REQUIREMENT: From the entries below, copy each line in which the word "Delivery" occurs.

Data items
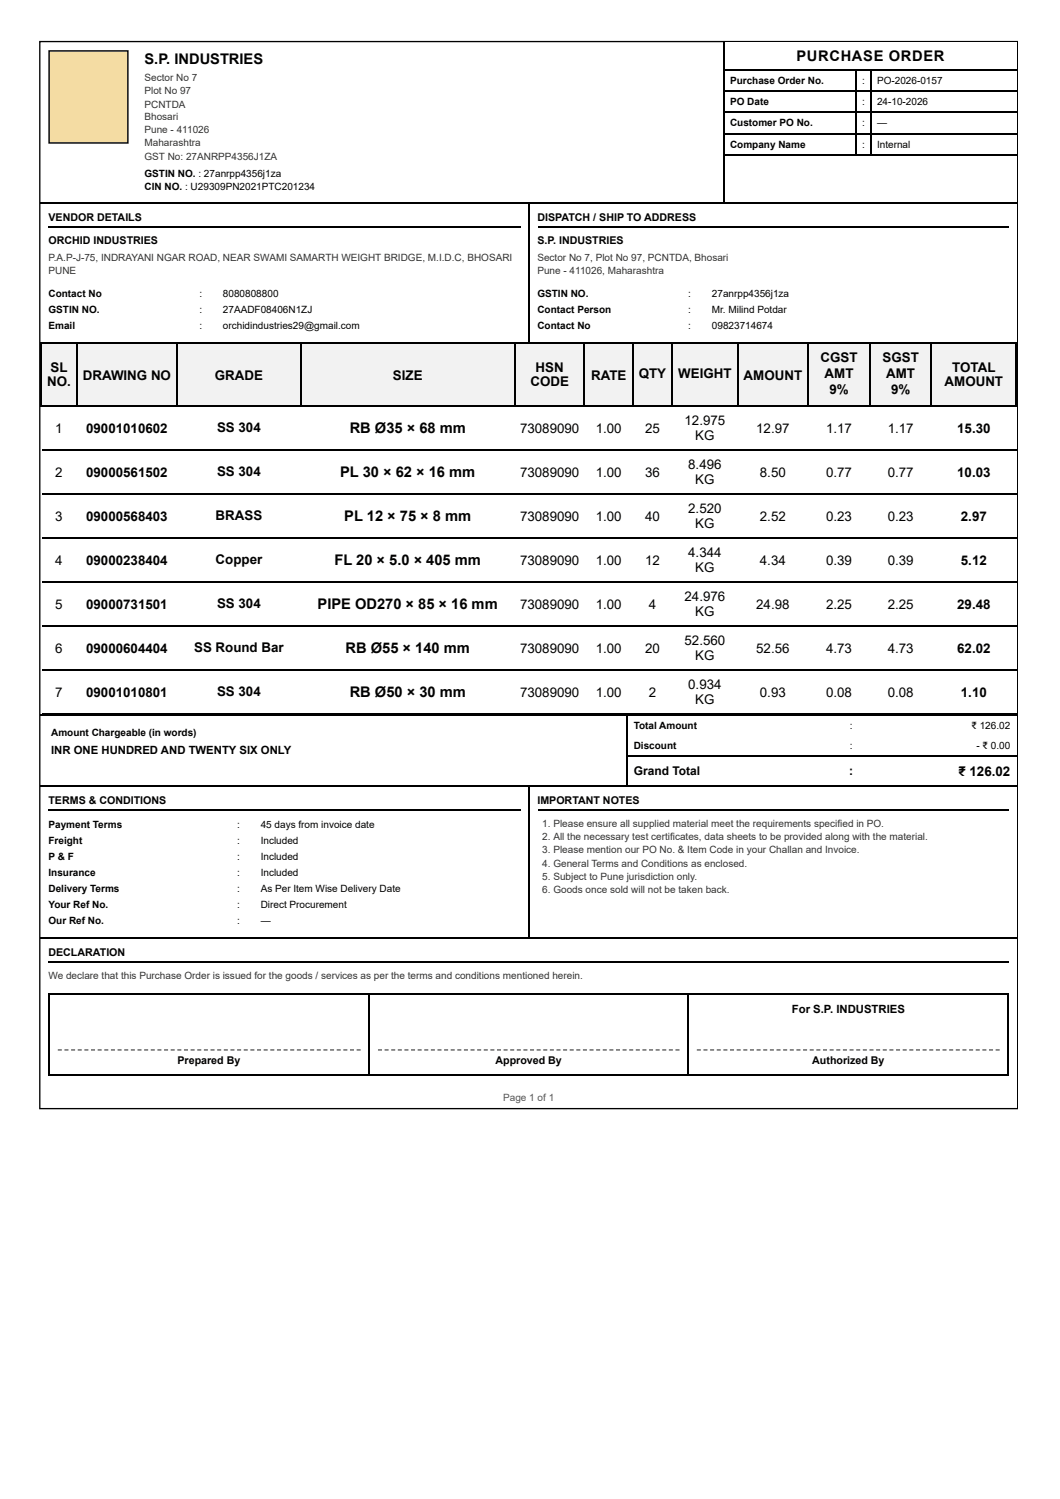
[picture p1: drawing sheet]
<svg xmlns="http://www.w3.org/2000/svg" width="210mm" height="297mm" viewBox="0 0 210 297" stroke-linecap="round" stroke-linejoin="round" font-family="sans-serif">
<defs><g id="words">
<g font-size="2.9">
<text x="28.7" y="12.6">S.P. INDUSTRIES</text>
<text x="158" y="12.1">PURCHASE ORDER</text>
<text x="69.4" y="85.9">RB Ø35 × 68 mm</text>
<text x="67.5" y="94.6">PL 30 × 62 × 16 mm</text>
<text x="68.3" y="103.4">PL 12 × 75 × 8 mm</text>
<text x="66.3" y="112.1">FL 20 × 5.0 × 405 mm</text>
<text x="63" y="120.8">PIPE OD270 × 85 × 16 mm</text>
<text x="68.5" y="129.6">RB Ø55 × 140 mm</text>
<text x="69.4" y="138.3">RB Ø50 × 30 mm</text>
</g>
<g font-size="2.6">
<text x="162.7" y="71.9">CGST</text>
<text x="175" y="71.9">SGST</text>
<text x="9.3" y="76.6">NO.</text>
<text x="10" y="73.7">SL</text>
<text x="16.4" y="75.3">DRAWING NO</text>
<text x="42.6" y="75.3">GRADE</text>
<text x="77.9" y="75.3">SIZE</text>
<text x="105.2" y="76.6">CODE</text>
<text x="106.2" y="73.7">HSN</text>
<text x="117.2" y="75.3">RATE</text>
<text x="126.7" y="75.1">QTY</text>
<text x="134.5" y="75.1">WEIGHT</text>
<text x="147.5" y="75.3">AMOUNT</text>
<text x="163.5" y="75.1">AMT</text>
<text x="175.8" y="75.1">AMT</text>
<text x="187.3" y="76.6">AMOUNT</text>
<text x="188.9" y="73.7">TOTAL</text>
<text x="164.5" y="78.2">9%</text>
<text x="176.7" y="78.2">9%</text>
<text x="11" y="85.9">1</text>
<text x="17.1" y="85.9">09001010602</text>
<text x="43.1" y="85.6">SS 304</text>
<text x="103.1" y="85.9">73089090</text>
<text x="118.2" y="85.9">1.00</text>
<text x="127.9" y="85.9">25</text>
<text x="135.8" y="84.3">12.975</text>
<text x="137.9" y="87.2">KG</text>
<text x="150" y="85.9">12.97</text>
<text x="163.8" y="85.9">1.17</text>
<text x="176.1" y="85.9">1.17</text>
<text x="189.8" y="85.9">15.30</text>
<text x="11" y="94.6">2</text>
<text x="17.1" y="94.6">09000561502</text>
<text x="43.1" y="94.4">SS 304</text>
<text x="103.1" y="94.6">73089090</text>
<text x="118.2" y="94.6">1.00</text>
<text x="127.9" y="94.6">36</text>
<text x="136.5" y="93">8.496</text>
<text x="137.9" y="96">KG</text>
<text x="150.7" y="94.6">8.50</text>
<text x="163.8" y="94.6">0.77</text>
<text x="176.1" y="94.6">0.77</text>
<text x="189.8" y="94.6">10.03</text>
<text x="136.5" y="101.8">2.520</text>
<text x="11" y="103.4">3</text>
<text x="17.1" y="103.4">09000568403</text>
<text x="42.8" y="103.1">BRASS</text>
<text x="103.1" y="103.4">73089090</text>
<text x="118.2" y="103.4">1.00</text>
<text x="127.9" y="103.4">40</text>
<text x="137.9" y="104.7">KG</text>
<text x="150.7" y="103.4">2.52</text>
<text x="163.8" y="103.4">0.23</text>
<text x="176.1" y="103.4">0.23</text>
<text x="190.6" y="103.4">2.97</text>
<text x="11" y="112.1">4</text>
<text x="17.1" y="112.1">09000238404</text>
<text x="42.8" y="111.8">Copper</text>
<text x="103.1" y="112.1">73089090</text>
<text x="118.2" y="112.1">1.00</text>
<text x="127.9" y="112.1">12</text>
<text x="136.5" y="110.5">4.344</text>
<text x="137.9" y="113.4">KG</text>
<text x="150.7" y="112.1">4.34</text>
<text x="163.8" y="112.1">0.39</text>
<text x="176.1" y="112.1">0.39</text>
<text x="190.6" y="112.1">5.12</text>
<text x="135.8" y="119.2">24.976</text>
<text x="11" y="120.8">5</text>
<text x="17.1" y="120.8">09000731501</text>
<text x="43.1" y="120.6">SS 304</text>
<text x="103.1" y="120.8">73089090</text>
<text x="118.2" y="120.8">1.00</text>
<text x="128.7" y="120.8">4</text>
<text x="137.9" y="122.1">KG</text>
<text x="150" y="120.8">24.98</text>
<text x="163.8" y="120.8">2.25</text>
<text x="176.1" y="120.8">2.25</text>
<text x="189.8" y="120.8">29.48</text>
<text x="11" y="129.6">6</text>
<text x="17.1" y="129.6">09000604404</text>
<text x="38.5" y="129.3">SS Round Bar</text>
<text x="103.1" y="129.6">73089090</text>
<text x="118.2" y="129.6">1.00</text>
<text x="127.9" y="129.6">20</text>
<text x="135.8" y="128">52.560</text>
<text x="137.9" y="130.9">KG</text>
<text x="150" y="129.6">52.56</text>
<text x="163.8" y="129.6">4.73</text>
<text x="176.1" y="129.6">4.73</text>
<text x="189.8" y="129.6">62.02</text>
<text x="136.5" y="136.7">0.934</text>
<text x="11" y="138.3">7</text>
<text x="17.1" y="138.3">09001010801</text>
<text x="43.1" y="138">SS 304</text>
<text x="103.1" y="138.3">73089090</text>
<text x="118.2" y="138.3">1.00</text>
<text x="128.7" y="138.3">2</text>
<text x="137.9" y="139.6">KG</text>
<text x="150.7" y="138.3">0.93</text>
<text x="163.8" y="138.3">0.08</text>
<text x="176.1" y="138.3">0.08</text>
<text x="190.6" y="138.3">1.10</text>
<text x="190.1" y="153.9">₹ 126.02</text>
</g>
<g font-size="2.4">
<text x="125.7" y="153.6">Grand Total</text>
<text x="168.4" y="153.6">:</text>
</g>
<g font-size="2.2">
<text x="10.1" y="149.7">INR ONE HUNDRED AND TWENTY SIX ONLY</text>
<text x="157" y="201">For S.P. INDUSTRIES</text>
</g>
<g font-size="2.1">
<text x="9.6" y="43.8">VENDOR DETAILS</text>
<text x="106.6" y="43.8">DISPATCH / SHIP TO ADDRESS</text>
<text x="9.6" y="48.3">ORCHID INDUSTRIES</text>
<text x="106.6" y="48.3">S.P. INDUSTRIES</text>
<text x="9.6" y="159.5">TERMS &amp; CONDITIONS</text>
<text x="106.6" y="159.5">IMPORTANT NOTES</text>
<text x="9.6" y="189.6">DECLARATION</text>
<text x="35.2" y="211">Prepared By</text>
<text x="98.3" y="211">Approved By</text>
<text x="161.1" y="211">Authorized By</text>
</g>
<g font-size="2" fill="#333">
<text x="28.7" y="16.1">Sector No 7</text>
<text x="28.7" y="18.7">Plot No 97</text>
<text x="28.7" y="21.3">PCNTDA</text>
<text x="28.7" y="23.7">Bhosari</text>
<text x="28.7" y="26.4">Pune - 411026</text>
<text x="28.7" y="29">Maharashtra</text>
<text x="28.7" y="31.7">GST No: 27ANRPP4356J1ZA</text>
<text x="9.6" y="51.8">P.A.P-J-75, INDRAYANI NGAR ROAD, NEAR SWAMI SAMARTH WEIGHT BRIDGE, M.I.D.C, BHOSARI</text>
<text x="106.6" y="51.8">Sector No 7, Plot No 97, PCNTDA, Bhosari</text>
<text x="9.6" y="54.4">PUNE</text>
<text x="106.6" y="54.4">Pune - 411026, Maharashtra</text>
<text x="107.6" y="164">1. Please ensure all supplied material meet the requirements specified in PO.</text>
<text x="107.6" y="166.6">2. All the necessary test certificates, data sheets to be provided along with the material.</text>
<text x="107.6" y="169.2">3. Please mention our PO No. &amp; Item Code in your Challan and Invoice.</text>
<text x="107.6" y="171.9">4. General Terms and Conditions as enclosed.</text>
<text x="107.6" y="174.5">5. Subject to Pune jurisdiction only.</text>
<text x="107.6" y="177.2">6. Goods once sold will not be taken back.</text>
<text x="9.6" y="194.1">We declare that this Purchase Order is issued for the goods / services as per the terms and conditions mentioned herein.</text>
</g>
<g font-size="2">
<text x="144.8" y="16.6">Purchase Order No.</text>
<text x="171" y="16.6">:</text>
<text x="173.9" y="16.6">PO-2026-0157</text>
<text x="144.8" y="20.8">PO Date</text>
<text x="171" y="20.8">:</text>
<text x="173.9" y="20.8">24-10-2026</text>
<text x="144.8" y="25">Customer PO No.</text>
<text x="144.8" y="29.3">Company Name</text>
<text x="171" y="25">:</text>
<text x="171" y="29.3">:</text>
<text x="173.9" y="25">—</text>
<text x="173.9" y="29.3">Internal</text>
<text x="28.7" y="35.1">GSTIN NO. : 27anrpp4356j1za</text>
<text x="28.7" y="37.7">CIN NO. : U29309PN2021PTC201234</text>
<text x="9.6" y="58.9">Contact No</text>
<text x="39.5" y="58.9">:</text>
<text x="44.2" y="58.9">8080808800</text>
<text x="106.6" y="58.9">GSTIN NO.</text>
<text x="136.5" y="58.9">:</text>
<text x="141.2" y="58.9">27anrpp4356j1za</text>
<text x="9.6" y="62.1">GSTIN NO.</text>
<text x="9.6" y="65.3">Email</text>
<text x="39.5" y="62.1">:</text>
<text x="39.5" y="65.3">:</text>
<text x="44.2" y="62.1">27AADF08406N1ZJ</text>
<text x="44.2" y="65.3">orchidindustries29@gmail.com</text>
<text x="106.6" y="62.1">Contact Person</text>
<text x="106.6" y="65.3">Contact No</text>
<text x="136.5" y="62.1">:</text>
<text x="136.5" y="65.3">:</text>
<text x="141.2" y="62.1">Mr. Milind Potdar</text>
<text x="141.2" y="65.3">09823714674</text>
<text x="10.1" y="146">Amount Chargeable (in words)</text>
<text x="125.7" y="144.6">Total Amount</text>
<text x="125.7" y="148.6">Discount</text>
<text x="168.5" y="144.6">:</text>
<text x="168.5" y="148.6">:</text>
<text x="192.7" y="144.6">₹ 126.02</text>
<text x="193.6" y="148.6">- ₹ 0.00</text>
<text x="9.6" y="164.2">Payment Terms</text>
<text x="9.6" y="167.4">Freight</text>
<text x="47" y="164.2">:</text>
<text x="47" y="167.4">:</text>
<text x="51.7" y="164.2">45 days from invoice date</text>
<text x="51.7" y="167.4">Included</text>
<text x="9.6" y="170.6">P &amp; F</text>
<text x="9.6" y="173.7">Insurance</text>
<text x="47" y="170.6">:</text>
<text x="47" y="173.7">:</text>
<text x="51.7" y="170.6">Included</text>
<text x="51.7" y="173.7">Included</text>
<text x="9.6" y="176.9">Delivery Terms</text>
<text x="47" y="176.9">:</text>
<text x="51.7" y="176.9">As Per Item Wise Delivery Date</text>
<text x="9.6" y="180.1">Your Ref No.</text>
<text x="9.6" y="183.3">Our Ref No.</text>
<text x="47" y="180.1">:</text>
<text x="47" y="183.3">:</text>
<text x="51.7" y="180.1">Direct Procurement</text>
<text x="51.7" y="183.3">—</text>
</g>
<text font-size="2" fill="#555" x="99.8" y="218.5">Page 1 of 1</text>
</g></defs>
<path d="M7.9 8.2h193.9v211.7h-193.9z" fill="none" stroke="#000" stroke-width=".26"/>
<path d="M143.8 8.4h57.9v5.5h-57.9z" fill="#fff"/>
<path d="M143.6 8.4v32M143.8 13.8h57.9M143.8 18h57.9M169.8 13.9v17M172.7 13.9v17M143.8 22.3h57.9M143.8 26.5h57.9M143.8 30.7h57.9M8 40.3h135.5M143.8 40.3h57.9" fill="none" stroke="#000" stroke-width=".26"/>
<path d="M9.6 10h15.9v18.5h-15.9z" fill="#f4dca3"/>
<path d="M9.7 10.1h15.7v18.3h-15.7zM9.6 45h93.7M105 40.4v27.8M106.7 45h93.4M8 68h96.9M105.1 68h96.6" fill="none" stroke="#000" stroke-width=".26"/>
<g fill="#f2f2f2">
<path d="M8.3 68.2h6.9v12.4h-6.9z"/>
<path d="M15.2 68.2h19.8v12.4h-19.8z"/>
<path d="M35 68.2h24.6v12.4h-24.6z"/>
<path d="M59.6 68.2h42.4v12.4h-42.4z"/>
<path d="M102 68.2h14v12.4h-14z"/>
<path d="M116 68.2h9.5v12.4h-9.5z"/>
<path d="M125.5 68.2h7.9v12.4h-7.9z"/>
<path d="M133.4 68.2h13v12.4h-13z"/>
<path d="M146.4 68.2h13.8v12.4h-13.8z"/>
<path d="M160.2 68.2h12.4v12.4h-12.4z"/>
<path d="M172.6 68.2h12.2v12.4h-12.2z"/>
<path d="M184.8 68.2h16.9v12.4h-16.9z"/>
</g>
<g fill="none" stroke="#000" stroke-width=".26">
<path d="M8 68h193.7M8.2 67.9v12.7M15.3 67.9v12.7M35.1 67.9v12.7M59.8 67.9v12.7M102.1 67.9v12.7M115.8 67.9v12.7M125.6 67.9v12.7M133.3 67.9v12.7M146.3 67.9v12.7M160.3 67.9v12.7M172.5 67.9v12.7"/>
<path d="M184.6 67.9v12.7M201.6 67.9v12.7M8 80.5h193.7M8.3 89.2h193.4M8.3 97.9h193.4M8.3 106.7h193.4M8.3 115.4h193.4M8.3 124.1h193.4M8.3 132.9h193.4M8 141.9h116.2M8 155.9h116.2M8.3 141.6h193.4"/>
<path d="M124.3 141.7v14.3M124.4 150.1h77.3M124.4 141.9h77.3M124.4 155.9h77.3M9.6 160.6h93.7M106.7 160.6h93.4M9.6 190.8h190.5"/>
</g>
<g fill="#555">
<path d="M11.5 208.1h.8v.3h-.8zM12.8 208.1h.8v.3h-.8zM14.1 208.1h.8v.3h-.8zM15.4 208.1h.8v.3h-.8zM16.7 208.1h.8v.3h-.8zM18.1 208.1h.7v.3h-.7zM19.4 208.1h.8v.3h-.8zM20.7 208.1h.8v.3h-.8zM22 208.1h.8v.3h-.8zM23.3 208.1h.8v.3h-.8zM24.6 208.1h.8v.3h-.8zM26 208.1h.7v.3h-.7zM27.3 208.1h.8v.3h-.8zM28.6 208.1h.8v.3h-.8zM29.9 208.1h.8v.3h-.8zM31.2 208.1h.8v.3h-.8zM32.5 208.1h.8v.3h-.8zM33.9 208.1h.7v.3h-.7zM35.2 208.1h.8v.3h-.8zM36.5 208.1h.8v.3h-.8zM37.8 208.1h.8v.3h-.8zM39.1 208.1h.8v.3h-.8zM40.4 208.1h.8v.3h-.8zM41.8 208.1h.8v.3h-.8zM43.1 208.1h.8v.3h-.8zM44.4 208.1h.8v.3h-.8zM45.7 208.1h.8v.3h-.8zM47 208.1h.8v.3h-.8zM48.3 208.1h.8v.3h-.8zM49.7 208.1h.8v.3h-.8zM51 208.1h.8v.3h-.8zM52.3 208.1h.8v.3h-.8zM53.6 208.1h.8v.3h-.8zM54.9 208.1h.8v.3h-.8zM56.2 208.1h.8v.3h-.8zM57.6 208.1h.8v.3h-.8zM58.9 208.1h.8v.3h-.8zM60.2 208.1h.8v.3h-.8zM61.5 208.1h.8v.3h-.8zM62.8 208.1h.8v.3h-.8zM64.1 208.1h.8v.3h-.8zM65.5 208.1h.8v.3h-.8zM66.8 208.1h.8v.3h-.8zM68.1 208.1h.8v.3h-.8zM69.4 208.1h.8v.3h-.8zM70.7 208.1h.8v.3h-.8z"/>
<path d="M75 208.1h.8v.3h-.8zM76.3 208.1h.8v.3h-.8zM77.6 208.1h.8v.3h-.8zM78.9 208.1h.8v.3h-.8zM80.2 208.1h.8v.3h-.8zM81.5 208.1h.8v.3h-.8zM82.8 208.1h.8v.3h-.8zM84.1 208.1h.8v.3h-.8zM85.5 208.1h.7v.3h-.7zM86.8 208.1h.8v.3h-.8zM88.1 208.1h.8v.3h-.8zM89.4 208.1h.8v.3h-.8zM90.7 208.1h.8v.3h-.8zM92 208.1h.8v.3h-.8zM93.3 208.1h.8v.3h-.8zM94.6 208.1h.8v.3h-.8zM95.9 208.1h.8v.3h-.8zM97.3 208.1h.7v.3h-.7zM98.6 208.1h.8v.3h-.8zM99.9 208.1h.8v.3h-.8zM101.2 208.1h.8v.3h-.8zM102.5 208.1h.8v.3h-.8zM103.8 208.1h.8v.3h-.8zM105.1 208.1h.8v.3h-.8zM106.4 208.1h.8v.3h-.8zM107.7 208.1h.8v.3h-.8zM109.1 208.1h.7v.3h-.7zM110.4 208.1h.8v.3h-.8zM111.7 208.1h.8v.3h-.8zM113 208.1h.8v.3h-.8zM114.3 208.1h.8v.3h-.8zM115.6 208.1h.8v.3h-.8zM116.9 208.1h.8v.3h-.8zM118.2 208.1h.8v.3h-.8zM119.5 208.1h.8v.3h-.8zM120.9 208.1h.7v.3h-.7zM122.2 208.1h.8v.3h-.8zM123.5 208.1h.8v.3h-.8zM124.8 208.1h.8v.3h-.8zM126.1 208.1h.8v.3h-.8zM127.4 208.1h.8v.3h-.8zM128.7 208.1h.8v.3h-.8zM130 208.1h.8v.3h-.8zM131.3 208.1h.8v.3h-.8zM132.7 208.1h.7v.3h-.7zM134 208.1h.8v.3h-.8z"/>
<path d="M138.2 208.1h.8v.3h-.8zM139.5 208.1h.8v.3h-.8zM140.8 208.1h.8v.3h-.8zM142.2 208.1h.7v.3h-.7zM143.5 208.1h.8v.3h-.8zM144.8 208.1h.8v.3h-.8zM146.1 208.1h.8v.3h-.8zM147.4 208.1h.8v.3h-.8zM148.7 208.1h.8v.3h-.8zM150.1 208.1h.7v.3h-.7zM151.4 208.1h.8v.3h-.8zM152.7 208.1h.8v.3h-.8zM154 208.1h.8v.3h-.8zM155.3 208.1h.8v.3h-.8zM156.6 208.1h.8v.3h-.8zM158 208.1h.8v.3h-.8zM159.3 208.1h.8v.3h-.8zM160.6 208.1h.8v.3h-.8zM161.9 208.1h.8v.3h-.8zM163.2 208.1h.8v.3h-.8zM164.5 208.1h.8v.3h-.8zM165.9 208.1h.8v.3h-.8zM167.2 208.1h.8v.3h-.8zM168.5 208.1h.8v.3h-.8zM169.8 208.1h.8v.3h-.8zM171.1 208.1h.8v.3h-.8zM172.4 208.1h.8v.3h-.8zM173.8 208.1h.8v.3h-.8zM175.1 208.1h.8v.3h-.8zM176.4 208.1h.8v.3h-.8zM177.7 208.1h.8v.3h-.8zM179 208.1h.8v.3h-.8zM180.3 208.1h.8v.3h-.8zM181.7 208.1h.8v.3h-.8zM183 208.1h.8v.3h-.8zM184.3 208.1h.8v.3h-.8zM185.6 208.1h.8v.3h-.8zM186.9 208.1h.8v.3h-.8zM188.2 208.1h.8v.3h-.8zM189.6 208.1h.8v.3h-.8zM190.9 208.1h.8v.3h-.8zM192.2 208.1h.8v.3h-.8zM193.5 208.1h.8v.3h-.8zM194.8 208.1h.8v.3h-.8zM196.2 208.1h.7v.3h-.7zM197.5 208.1h.8v.3h-.8z"/>
</g>
<path d="M105 156v30.2M8 186h193.7M9.6 197.2h190.5M9.7 197v16.4M73.2 197v16.4M136.5 197v16.4M200 197v16.4M9.6 213.3h190.5" fill="none" stroke="#000" stroke-width=".26"/>
<use href="#words"/>
</svg>

ANSWER:
<text x="9.6" y="176.9">Delivery Terms</text>
<text x="51.7" y="176.9">As Per Item Wise Delivery Date</text>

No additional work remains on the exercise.